'''
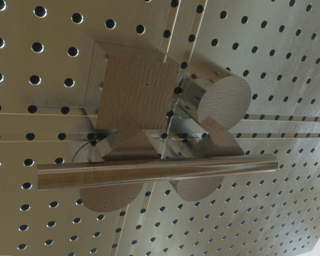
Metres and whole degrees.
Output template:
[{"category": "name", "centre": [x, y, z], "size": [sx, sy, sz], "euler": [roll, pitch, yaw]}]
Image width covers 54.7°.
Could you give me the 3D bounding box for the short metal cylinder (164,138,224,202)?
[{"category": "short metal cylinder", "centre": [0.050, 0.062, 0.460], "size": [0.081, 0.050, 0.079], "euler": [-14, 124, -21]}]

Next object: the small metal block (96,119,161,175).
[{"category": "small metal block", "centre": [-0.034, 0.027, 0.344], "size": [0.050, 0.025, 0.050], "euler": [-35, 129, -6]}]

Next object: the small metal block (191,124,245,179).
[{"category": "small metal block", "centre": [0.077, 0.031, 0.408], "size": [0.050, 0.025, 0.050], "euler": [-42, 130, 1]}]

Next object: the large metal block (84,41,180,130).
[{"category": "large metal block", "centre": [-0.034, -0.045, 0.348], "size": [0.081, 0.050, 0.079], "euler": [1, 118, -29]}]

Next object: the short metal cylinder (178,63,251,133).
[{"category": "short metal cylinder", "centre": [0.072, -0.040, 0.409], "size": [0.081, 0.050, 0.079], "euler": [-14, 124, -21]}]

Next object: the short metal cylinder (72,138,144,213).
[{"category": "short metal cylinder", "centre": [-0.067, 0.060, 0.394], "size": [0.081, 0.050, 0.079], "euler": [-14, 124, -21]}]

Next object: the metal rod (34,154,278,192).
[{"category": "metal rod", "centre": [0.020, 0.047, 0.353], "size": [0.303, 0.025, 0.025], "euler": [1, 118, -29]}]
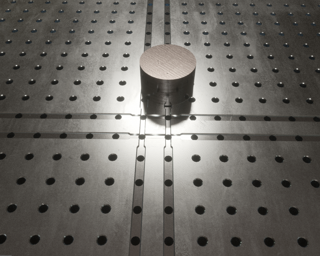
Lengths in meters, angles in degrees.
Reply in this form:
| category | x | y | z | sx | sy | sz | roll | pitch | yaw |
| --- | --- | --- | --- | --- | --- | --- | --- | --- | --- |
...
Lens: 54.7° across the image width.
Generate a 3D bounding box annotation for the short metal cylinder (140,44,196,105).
'''
'''
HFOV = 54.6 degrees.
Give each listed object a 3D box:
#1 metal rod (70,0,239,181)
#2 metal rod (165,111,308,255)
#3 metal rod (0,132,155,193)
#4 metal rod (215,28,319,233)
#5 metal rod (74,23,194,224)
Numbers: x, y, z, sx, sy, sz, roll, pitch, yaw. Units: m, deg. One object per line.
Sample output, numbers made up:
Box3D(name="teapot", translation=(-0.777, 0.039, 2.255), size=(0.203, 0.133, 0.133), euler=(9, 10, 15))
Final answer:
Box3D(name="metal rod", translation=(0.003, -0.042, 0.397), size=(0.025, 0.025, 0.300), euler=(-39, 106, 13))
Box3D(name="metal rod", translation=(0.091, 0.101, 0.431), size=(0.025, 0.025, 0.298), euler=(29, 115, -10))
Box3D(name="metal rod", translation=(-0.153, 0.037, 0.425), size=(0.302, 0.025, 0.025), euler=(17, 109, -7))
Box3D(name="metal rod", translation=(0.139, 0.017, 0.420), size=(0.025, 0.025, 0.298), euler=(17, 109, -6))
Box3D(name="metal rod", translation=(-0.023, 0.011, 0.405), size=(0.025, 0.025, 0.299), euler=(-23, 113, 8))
'''
TASK OBJECTIVE |
Your answer must be a single number: the count of lines in the records that hold the word "pitch".

TASK ANSWER |
3